Since then, Lil Nas X has also performed the song on award shows and kept the momentum going by releasing new remixes, including a version featuring rapper Young Thug and viral yodeling singer Mason Ramsey. He loves to tease possible collaborations and remixes with other artists on Twitter, but he reportedly turned down the chance to perform the song with Presidential candidate Pete Buttigieg. As the song has continued to blow up, audiences have also gotten to know Lil Nas X better: He's spoken candidly about his sexualityadopted some very cute Bernese mountain dog puppies, and paid his respect to Mariah Carey after breaking her chart record. He's an easy guy to root for. 
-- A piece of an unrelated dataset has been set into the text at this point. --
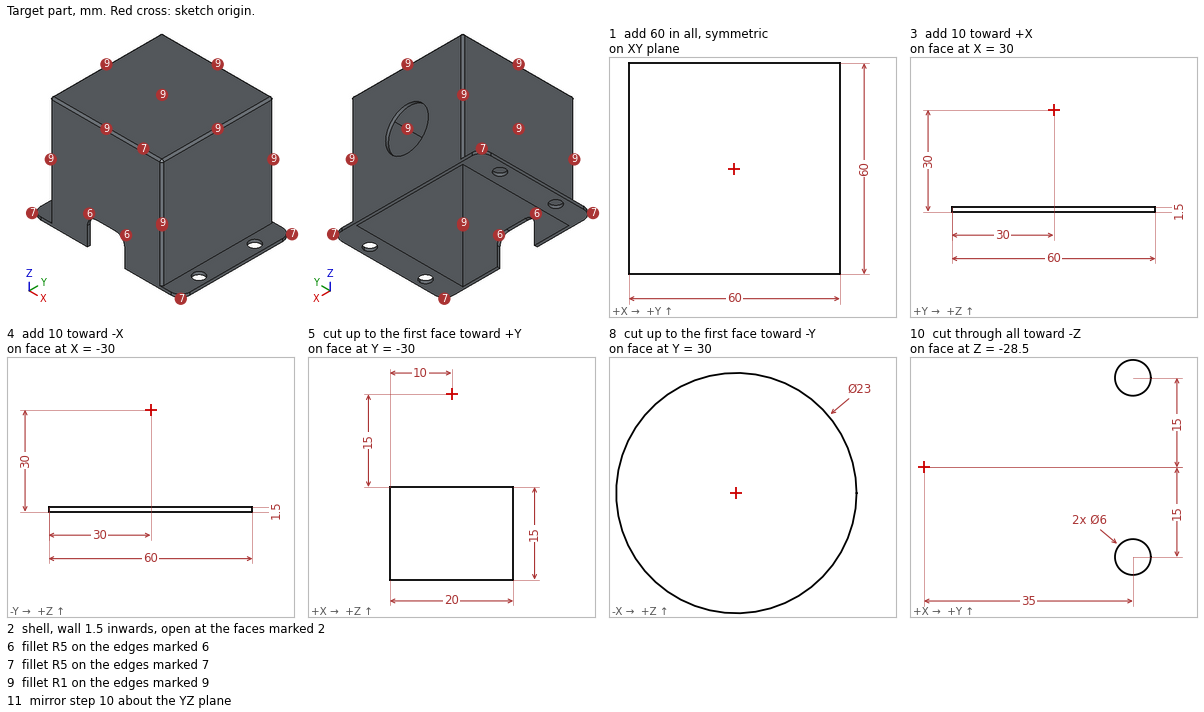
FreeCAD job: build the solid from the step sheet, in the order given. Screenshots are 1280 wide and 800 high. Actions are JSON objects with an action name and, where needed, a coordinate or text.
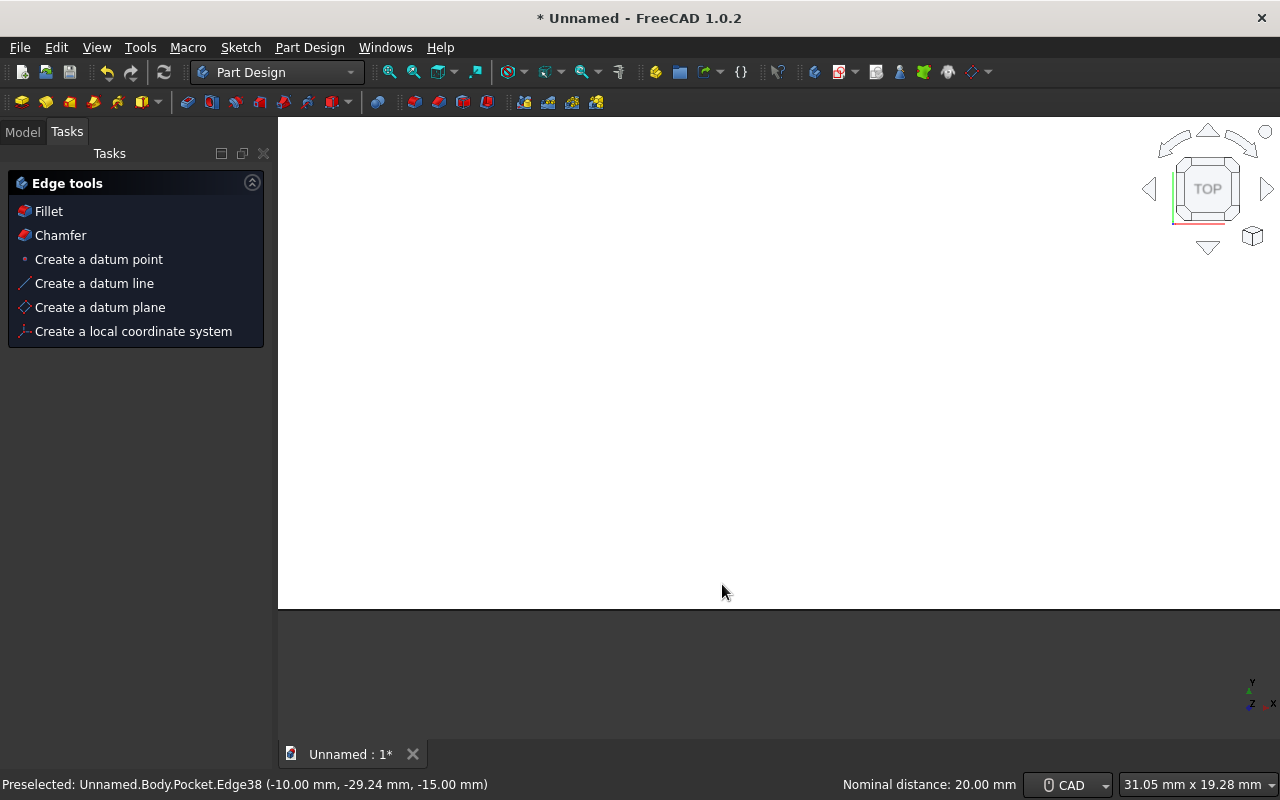
{"action": "left_click", "coordinate": [416, 102]}

What exactly has made "Old Town Road" so damn popular that it might never leave the top of the Billboard chart? At the risk of stating the obvious, I'll say "Old Town Road" is unapologetic, uncomplicated fun. There's a line about "bull ridin' and boobies" and another about having "Wrangler on my booty." Come on, that's pretty funny. At the same time, there's an emotional core to the song's chorus, a familiar sense of country-western longing that elevates it from being a parody or a joke. The road might be old, but Lil Nas X makes it feel new.